**Assignment**.
For this exercise, copy all the data exactly and include none of the pictures.

-- -- --

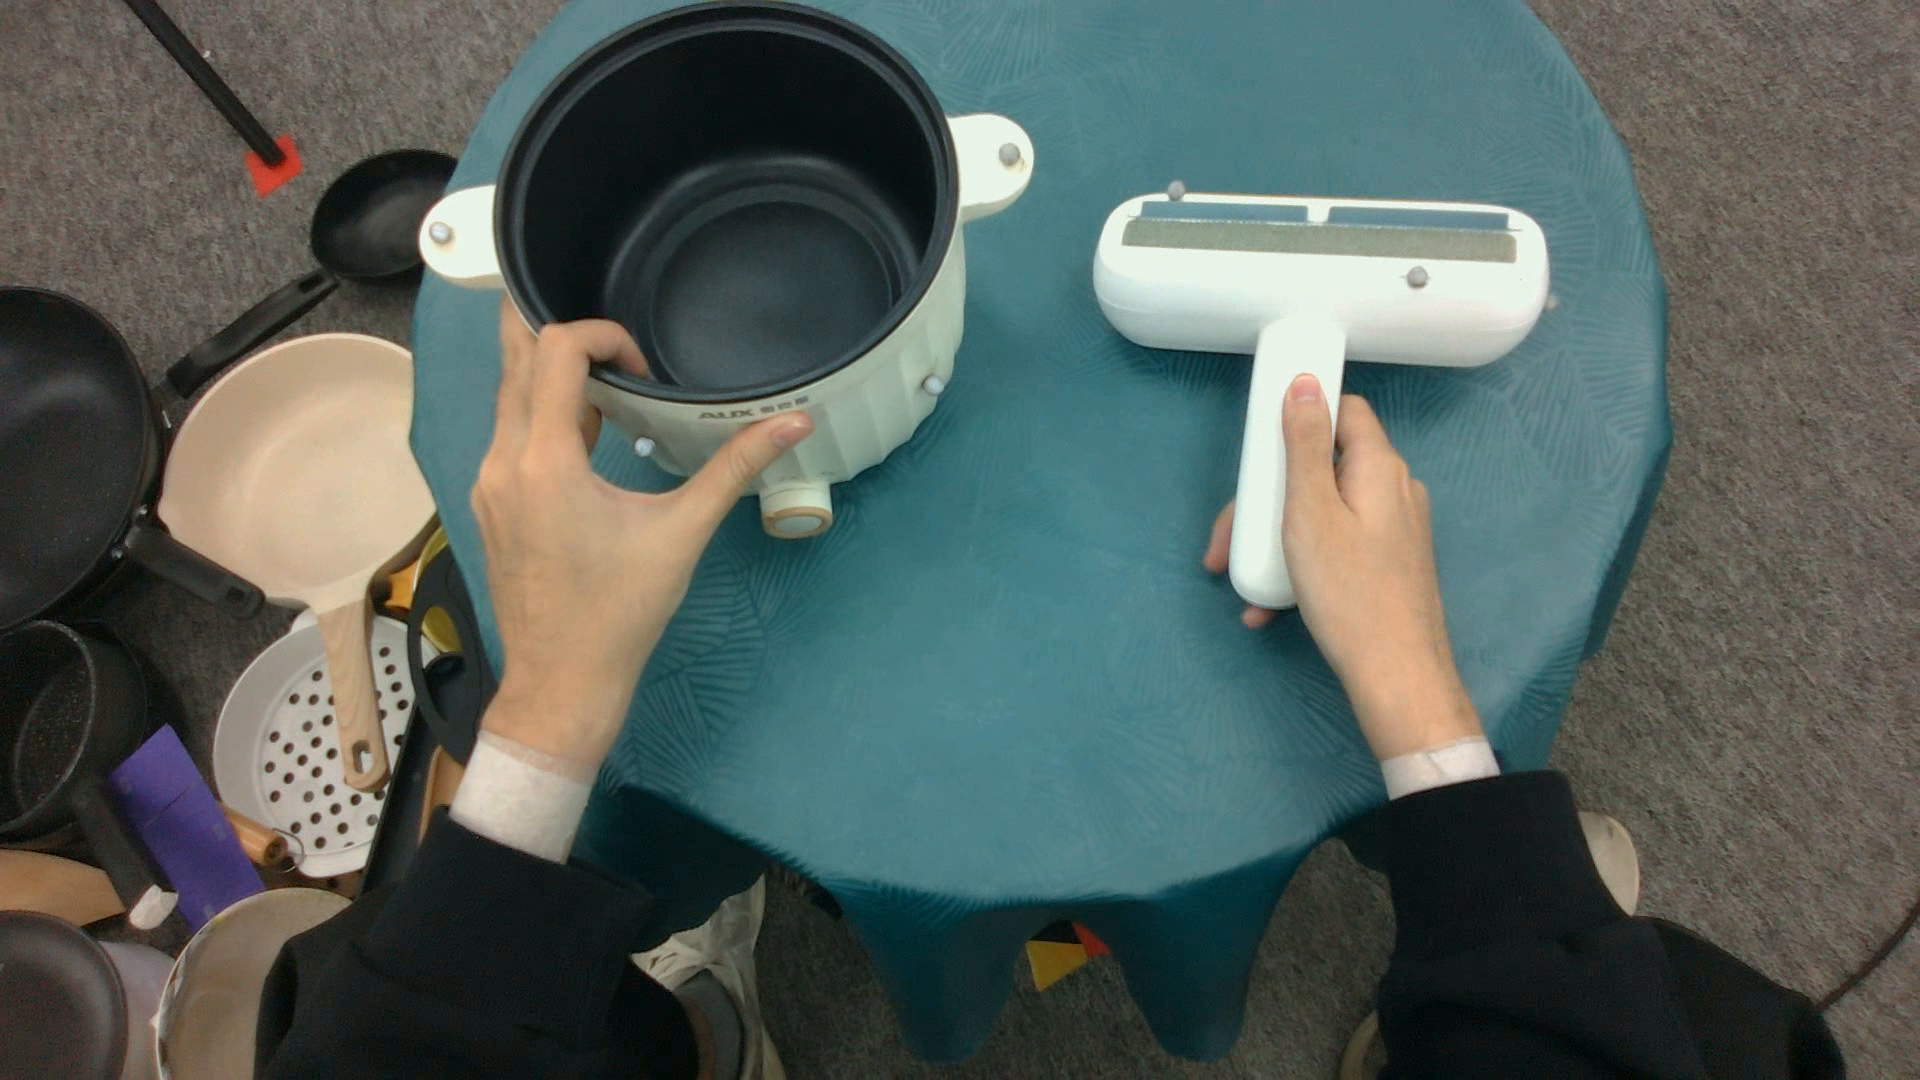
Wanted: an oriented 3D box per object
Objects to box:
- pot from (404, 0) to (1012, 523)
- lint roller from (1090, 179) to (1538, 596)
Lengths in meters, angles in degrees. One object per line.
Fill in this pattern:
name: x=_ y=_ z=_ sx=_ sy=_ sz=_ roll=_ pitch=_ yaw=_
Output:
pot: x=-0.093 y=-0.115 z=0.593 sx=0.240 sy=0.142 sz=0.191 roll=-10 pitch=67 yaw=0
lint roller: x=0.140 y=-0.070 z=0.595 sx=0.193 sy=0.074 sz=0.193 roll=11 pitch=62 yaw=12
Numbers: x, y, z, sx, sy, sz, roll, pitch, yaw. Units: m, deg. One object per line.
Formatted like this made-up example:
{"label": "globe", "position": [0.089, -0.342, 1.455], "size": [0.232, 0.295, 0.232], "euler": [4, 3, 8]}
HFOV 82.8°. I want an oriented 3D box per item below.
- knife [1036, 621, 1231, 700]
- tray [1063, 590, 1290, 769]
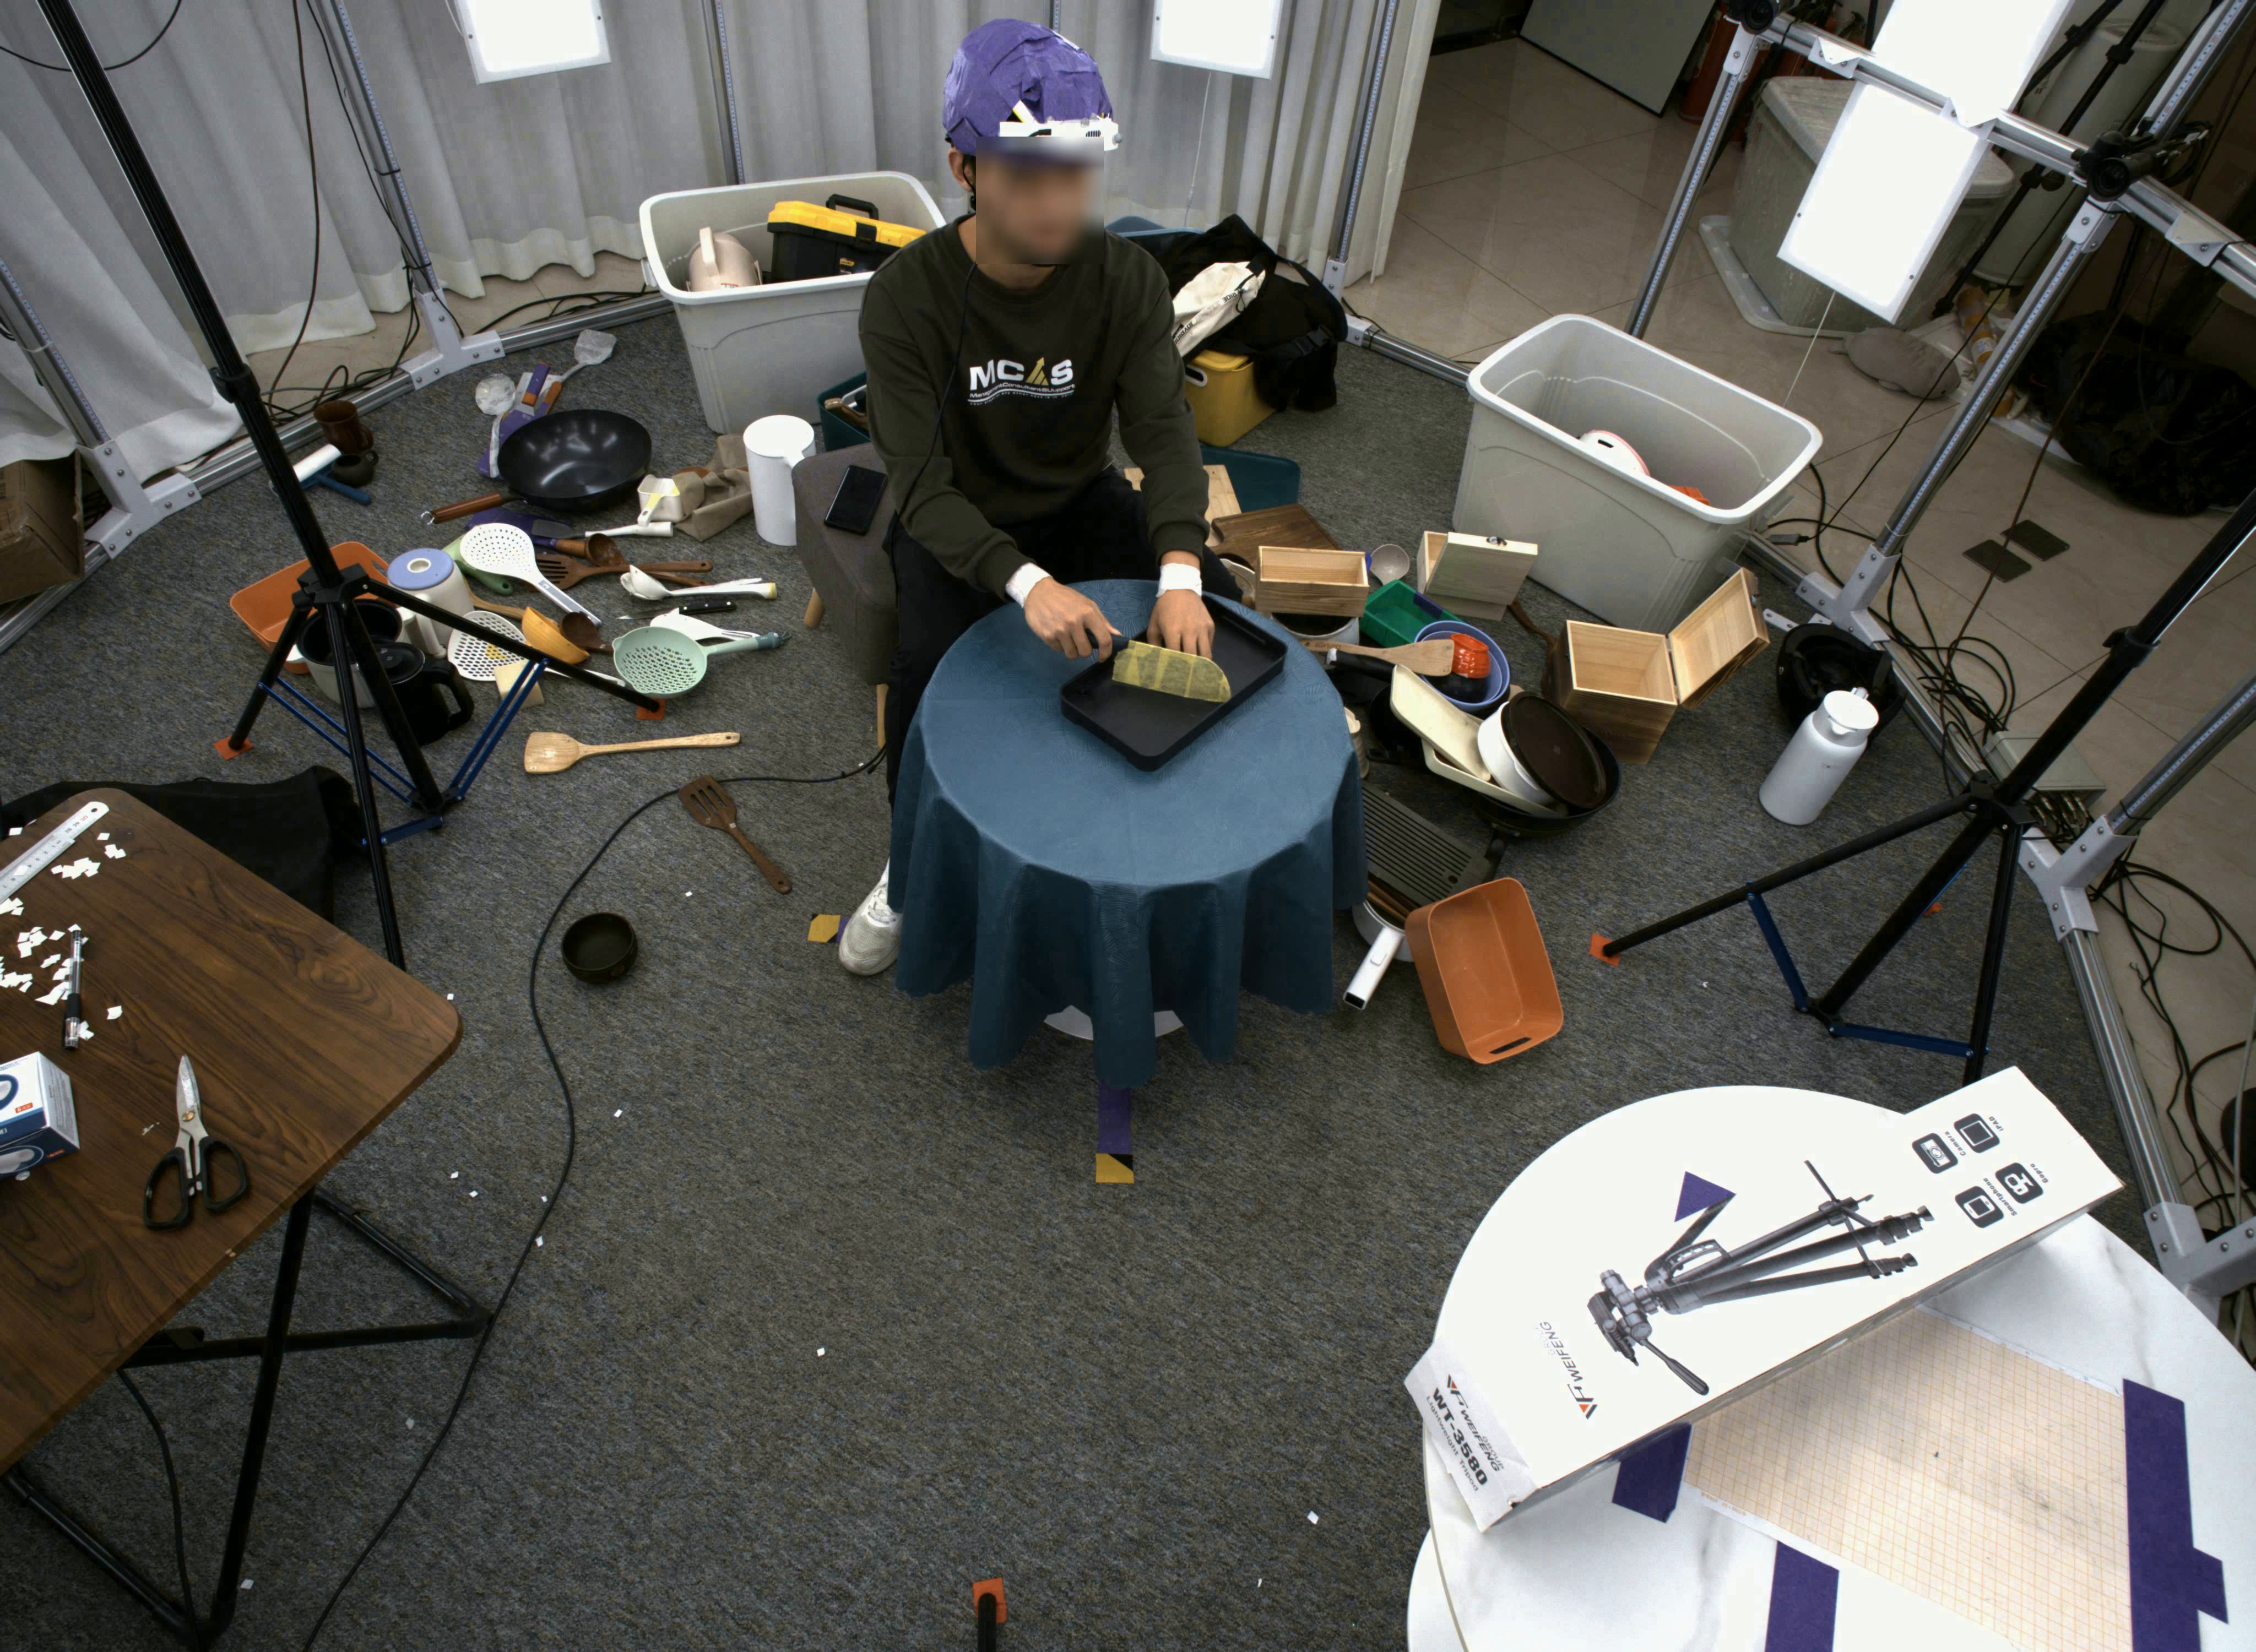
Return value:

-- -- --

**Answer**.
Wanted: an oriented 3D box per object
Objects to box:
- pot from (404, 0) to (1012, 523)
- lint roller from (1090, 179) to (1538, 596)
Lengths in meters, angles in degrees. One object per line.
Fill in this pattern:
name: x=_ y=_ z=_ sx=_ sy=_ sz=_ roll=_ pitch=_ yaw=_
Output:
pot: x=-0.093 y=-0.115 z=0.593 sx=0.240 sy=0.142 sz=0.191 roll=-10 pitch=67 yaw=0
lint roller: x=0.140 y=-0.070 z=0.595 sx=0.193 sy=0.074 sz=0.193 roll=11 pitch=62 yaw=12
Numbers: x, y, z, sx, sy, sz, roll, pitch, yaw. Units: m, deg. One object per line.
Formatted like this made-up example:
{"label": "globe", "position": [0.089, -0.342, 1.455], "size": [0.232, 0.295, 0.232], "euler": [4, 3, 8]}
HFOV 82.8°. I want an oriented 3D box per item below.
- knife [1036, 621, 1231, 700]
- tray [1063, 590, 1290, 769]
Return value:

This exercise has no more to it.